Dans notre hebdomadaire, L’Anticapitaliste du 14 juin...
La grève perlée du 2/5 (deux jours de grève/trois jours de travail) initiée le 2 avril tient. Et ce malgré une situation difficile où force est de constater que depuis deux mois, aucun autre secteur significatif du monde du travail ne s’est joint au mouvement.
C’est dans ce contexte que la grève, avec des hauts et des bas, se maintient depuis deux mois et demi. La remontée des taux de grévistes le 12 juin, « jour de colère », atteste une nouvelle fois du refus massif du pacte ferroviaire. Cependant, la réussite de journées d’action espacées, comme le 22 mars, le 14 mai, le 12 juin, ou le succès du référendum contre le pacte ferroviaire, traduisent bien les difficultés du mouvement en cours : un rejet massif qui ne se traduit pas par une grève très dynamique. Une certaine routine s’est même installée au fil des semaines avec une grève à la carte, incapable de bousculer réellement le « train-train » de la grève perlée et le rouleau compresseur parlementaire. Celle-ci était présentée par les directions syndicales comme une « grève à l’économie » pouvant désorganiser la production. Résultat, c’est la grève qui est désorganisée avec des AG réduites. Celles-ci n’ont plus vraiment de pouvoir : la grève est décidée par l’intersyndicale sur une durée de trois mois.
Une intersyndicale sans boussole
Dans cette situation, sans poussée significative de la base, les syndicats ont les coudées franches. Mais, même avec toute la volonté du monde, aucun syndicat ne ressort des « discussions » avec le gouvernement avec suffisamment de grain à moudre pour justifier un retrait du mouvement. Les annonces sur la reprise d’une partie de la dette de la SNCF ou l’inscription dans la loi du caractère incessible du capital de la SNCF sont une vaste fumisterie. La reprise de la dette était déjà prévue dans le cadre de la transformation de la SNCF en société anonyme… et la garantie du caractère incessible du capital de la SNCF revient à accepter la transformation en SA, ce qu’aucunE cheminotE ne veut. Tous les pronostics plus ou mois avisés sur la sortie du conflit de la CFDT et de l’UNSA depuis deux mois sont donc pour l’instant erronés : le gouvernement ne négocie rien. De plus, en ce moment même, la direction de la SNCF tente de faire passer de nombreuses réorganisations dans les établissements !
L’intersyndicale est donc pour l’instant dans « l’obligation » de continuer un mouvement qu’elle contrôle mais dont elle ne voit pas l’issue. Ainsi le mouvement pourrait continuer cet été, avec un risque qu’il s’étiole petit à petit.
Construire et faire vivre la grève
Cette stratégie syndicale est refusée par de nombreux cheminotEs, qui sont depuis longtemps en grève reconductible ou ne reprennent le travail qu’épisodiquement. En Île-de-France, ils et elles s’organisent principalement autour de « l’AG inter-gares », rassemblant régulièrement jusqu’à 200 cheminotEs. Il s’agit d’une tentative de sortir du carcan imposé par les directions syndicales et d’être force de proposition pour le mouvement. Il a par exemple été tenté de « sortir du calendrier 2/5 » en poussant pour la grève avec les fonctionnaires le 22 mai ou le 5 juin – avec un succès tout à fait relatif. Mais cette AG inter-gares souffre de la principale lacune de ce mouvement : il n’est pas la somme d’expériences d’auto-organisation (quasi inexistantes faute de grève réelle) issues des AG locales. Malgré ses limites, cet espace est toutefois devenu un lieu incontournable de construction de la grève.

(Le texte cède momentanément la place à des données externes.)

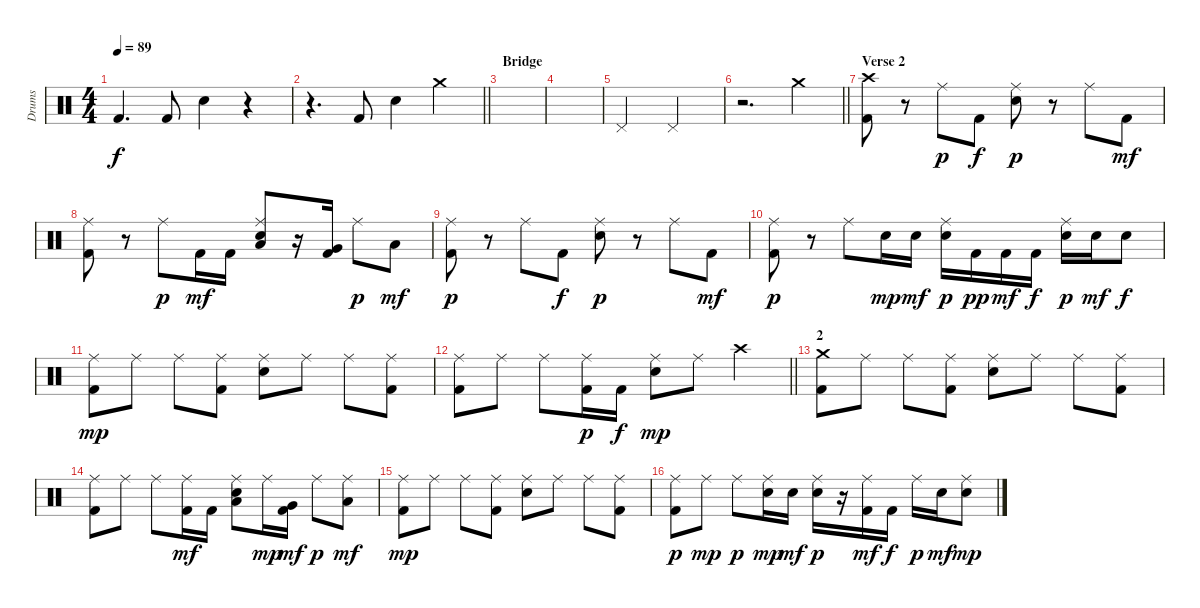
\track ("Drums" "Drums") {instrument percussion}
\staff {score}
\articulation defaults
\ts (4 4)
\tempo 89
\clef neutral
\ks c "Kick (hit) 2".4{d dy f} "Kick (hit) 2".8 "Electric Snare (hit)".4
r.4 |
\barLineRight lightlight
r.4{d} "Kick (hit) 2".8 "Electric Snare (hit)".4 "Crash medium (hit)".4 |
\section ("" "Bridge")
|
|
"Pedal Hi-Hat (hit)".2 "Pedal Hi-Hat (hit)".2 |
\barLineRight lightlight
r.2{d} "Crash medium (hit)".4 |
\section ("" "Verse 2")
("Crash high (hit)" "Kick (hit) 2").8 r.8 "Ride (middle)".8{dy p} "Kick (hit) 2".8{dy f} ("Ride (middle)" "Electric Snare (hit)").8{dy p} r.8 "Ride (middle)".8 "Kick (hit) 2".8{dy mf} |
("Ride (middle)" "Kick (hit) 2").8 r.8 "Ride (middle)".8{dy p} "Kick (hit) 2".16{dy mf} "Kick (hit) 2".16 ("Ride (middle)" "Electric Snare (hit)" "Low Floor Tom (hit)").8 r.16 ("Very Low Tom (hit)" "Kick (hit) 2").16 "Ride (middle)".8{dy p} "Low Floor Tom (hit)".8{dy mf} |
("Ride (middle)" "Kick (hit) 2").8{dy p} r.8 "Ride (middle)".8 "Kick (hit) 2".8{dy f} ("Ride (middle)" "Electric Snare (hit)").8{dy p} r.8 "Ride (middle)".8 "Kick (hit) 2".8{dy mf} |
("Ride (middle)" "Kick (hit) 2").8{dy p} r.8 "Ride (middle)".8 "Electric Snare (hit)".16{dy mp} "Electric Snare (hit)".16{dy mf} ("Ride (middle)" "Electric Snare (hit)").16{dy p} "Kick (hit) 2".16{dy pp} "Kick (hit) 2".16{dy mf} "Kick (hit) 2".16{dy f} ("Ride (middle)" "Electric Snare (hit)").16{dy p} "Electric Snare (hit)".16{dy mf} "Electric Snare (hit)".8{dy f} |
("Ride (middle)" "Kick (hit) 2").8{dy mp} "Ride (middle)".8 "Ride (middle)".8 ("Ride (middle)" "Kick (hit) 2").8 ("Ride (middle)" "Electric Snare (hit)").8 "Ride (middle)".8 "Ride (middle)".8 ("Ride (middle)" "Kick (hit) 2").8 |
\barLineRight lightlight
("Ride (middle)" "Kick (hit) 2").8 "Ride (middle)".8 "Ride (middle)".8 ("Ride (middle)" "Kick (hit) 2").16{dy p} "Kick (hit) 2".16{dy f} ("Ride (middle)" "Electric Snare (hit)").8{dy mp} "Ride (middle)".8 "Crash high (hit)".4 |
\section ("" "2")
("Crash medium (hit)" "Kick (hit) 2").8 "Ride (middle)".8 "Ride (middle)".8 ("Ride (middle)" "Kick (hit) 2").8 ("Ride (middle)" "Electric Snare (hit)").8 "Ride (middle)".8 "Ride (middle)".8 ("Ride (middle)" "Kick (hit) 2").8 |
("Ride (middle)" "Kick (hit) 2").8 "Ride (middle)".8 "Ride (middle)".8 ("Ride (middle)" "Kick (hit) 2").16{dy mf} "Kick (hit) 2".16 ("Ride (middle)" "Electric Snare (hit)" "Low Floor Tom (hit)").8 "Ride (middle)".16{dy mp} ("Very Low Tom (hit)" "Kick (hit) 2").16{dy mf} "Ride (middle)".8{dy p} ("Ride (middle)" "Low Floor Tom (hit)").8{dy mf} |
("Ride (middle)" "Kick (hit) 2").8{dy mp} "Ride (middle)".8 "Ride (middle)".8 ("Ride (middle)" "Kick (hit) 2").8 ("Ride (middle)" "Electric Snare (hit)").8 "Ride (middle)".8 "Ride (middle)".8 ("Ride (middle)" "Kick (hit) 2").8 |
("Ride (middle)" "Kick (hit) 2").8{dy p} "Ride (middle)".8{dy mp} "Ride (middle)".8{dy p} ("Ride (middle)" "Electric Snare (hit)").16{dy mp} "Electric Snare (hit)".16{dy mf} ("Ride (middle)" "Electric Snare (hit)").16{dy p} r.16 ("Ride (middle)" "Kick (hit) 2").16{dy mf} "Kick (hit) 2".16{dy f} "Ride (middle)".16{dy p} "Electric Snare (hit)".16{dy mf} ("Ride (middle)" "Electric Snare (hit)").8{dy mp}

Dans cette situation, de nombreux militantEs de la grève ont pris leurs affaires en main, notamment dans des comités de mobilisation regroupant des cheminotEs non syndiqués et des différents syndicats. Ils et elles se démènent pour renforcer la grève à l’intérieur de la SNCF tout en allant à la rencontre des autres salariéEs. Des délégations de grévistes se sont rendues auprès des salariéEs de Vélib’, des catacombes de Paris, de McDonald’s, d’EdF, de Carrefour, de la RATP, à la manifestation pour la défense du droit d’asile et des sans-papiers, ou des hospitalierEs en grève à Rouen.
La grande majorité des cheminotEs présents dans le mouvement continuent de suivre le préavis de l’intersyndicale. Il est important que la minorité des cheminotEs en grève reconductible ne se coupent pas de ceux-là. Il faut donc continuer de construire les AG calées sur le « 2/5 »… tout en y défendant à terme la perspective d’une grève « 5/5 ».